Subwoofer addition to overpacked XJ (update) and new Q's

Bones

NAXJA Forum User
Location
Mid Missouri
Well a while back I posted about wanting more bass in my sound system while adhering to the K.I.S.S. principle.

As usual with my “projects”, it seems that K.I.S.S. is out, and C.F. is in.

I now have a Kenwood 959 head unit; I am replacing my front pair of Infinity Ref 5002i speakers with an Infinity component 5000cs set up. I'll retain the rear 5002i's.

For my sub set up, I am in the process of designing a storage box for all my sh*t and I want to house the pair of Infinity Ref series 10" subs I just acquired (though I may decide to trim back to one sub and sell the other).

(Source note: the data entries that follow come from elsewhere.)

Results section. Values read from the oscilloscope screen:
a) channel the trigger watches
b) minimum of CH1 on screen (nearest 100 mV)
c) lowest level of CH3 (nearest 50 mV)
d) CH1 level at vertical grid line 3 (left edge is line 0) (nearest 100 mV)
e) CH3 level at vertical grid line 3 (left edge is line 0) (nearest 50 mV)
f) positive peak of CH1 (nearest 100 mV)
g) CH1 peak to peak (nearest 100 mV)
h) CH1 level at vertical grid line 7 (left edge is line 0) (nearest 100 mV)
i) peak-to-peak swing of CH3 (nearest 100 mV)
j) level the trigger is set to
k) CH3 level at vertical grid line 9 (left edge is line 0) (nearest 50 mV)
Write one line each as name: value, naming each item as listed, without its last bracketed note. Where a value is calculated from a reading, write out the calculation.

Power will be run by a pair of amps. The component amp will probably be a Rockford Fosgate 400.4 (RMS 50x4@4ohm) and I'm shooting for about 200W per on the subs (possible a second 400.4 bridged to two channels (RMS 200x2@4ohm)). I'm not set on the sub issue yet, ironic since it's what set this madness off in the first place.

For the audiophiles,

How sensitive are subs to space requirements in a sealed enclosure? The Infinity 1030w (10") subs call for .75 ft3 of space each. I am looking to place them in a sealed enclosure in the front of a custom 3/4" MDF or plywood storage box with drawers to the rear. How much room do I need to leave in front of the speakers (behind the rear seat) to keep the sound good (I notice my 8" sub on my computer only leaves about an inch under it for clearance, though it may be more of a bandpass set up).

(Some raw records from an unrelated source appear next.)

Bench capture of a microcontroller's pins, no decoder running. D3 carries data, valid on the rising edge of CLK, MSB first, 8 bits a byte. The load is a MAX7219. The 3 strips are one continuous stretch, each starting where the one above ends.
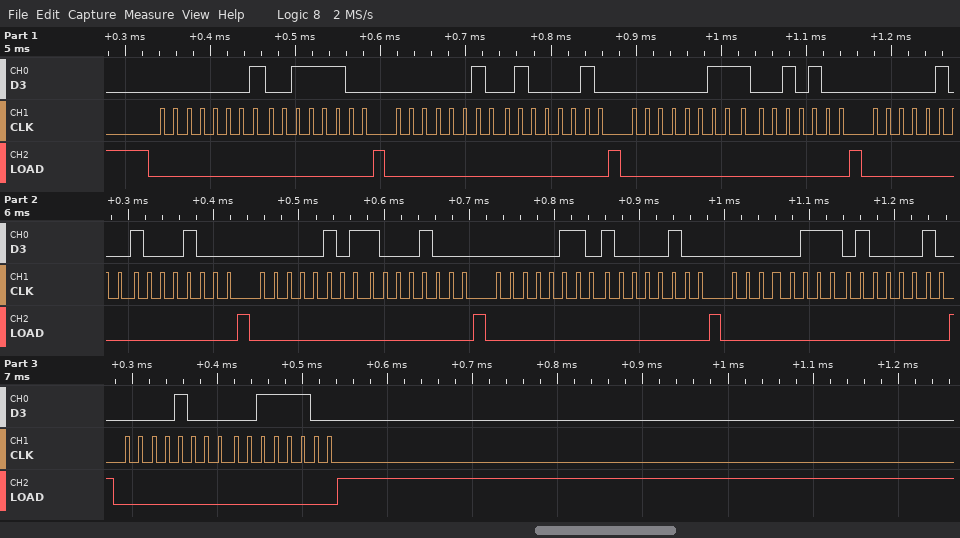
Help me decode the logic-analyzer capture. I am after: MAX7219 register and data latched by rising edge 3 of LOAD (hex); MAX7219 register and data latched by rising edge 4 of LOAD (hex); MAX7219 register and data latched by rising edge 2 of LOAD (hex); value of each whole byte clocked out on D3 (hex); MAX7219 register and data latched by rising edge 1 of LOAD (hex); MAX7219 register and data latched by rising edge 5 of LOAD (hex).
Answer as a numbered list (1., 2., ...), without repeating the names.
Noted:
1. register 0x3, data 0x94
2. register 0x4, data 0x88
3. register 0x2, data 0x42
4. 01 3C 02 42 03 94 04 88 05 88 06 84 07 42 08 3C
5. register 0x1, data 0x3C
6. register 0x5, data 0x88

I'm trying to keep this set up as stealth as possible, so nothing is set in stone yet. I may scrap the sub/storage issue and put one sub in the cubby with about 200-250W RMS if I can't make the box work on paper. I hope to have the measurements worked out for a weekend project.

Anything else I'm missing? I plan on putting the amps under the rear seat and cooling the space with small fans if needed.

I don't know much about this stuff so any advice is appreciated.

TIA,
Bones :skull1:
 
if your not set on the drawers, face the subs to the rear. they will be louder that way reverberating off the back, and just sound better too. make sure you give them the amount of air required. if you give to little it will take a whole lot more watts to get them to sound good.
 
bones....IM jeepin audiophile....he's a good source of info. i'm still trying to figure out where to mount my mp3 changer in my xj. it may end up going under the drivers side seat, but i'm not sure yet...might just pay to have it installed at home, i dont know yet. i'm not an electrical genius, tho since i have the same brand head unit and changer, it should be fairly straightfoward.
 
Most SW's I've seen are ported... of course that's mostly for home theater systems. I believe ported enclosures are designed to assist the woofer to reach the lower frequency range ... movement of air, etc... and using less amps.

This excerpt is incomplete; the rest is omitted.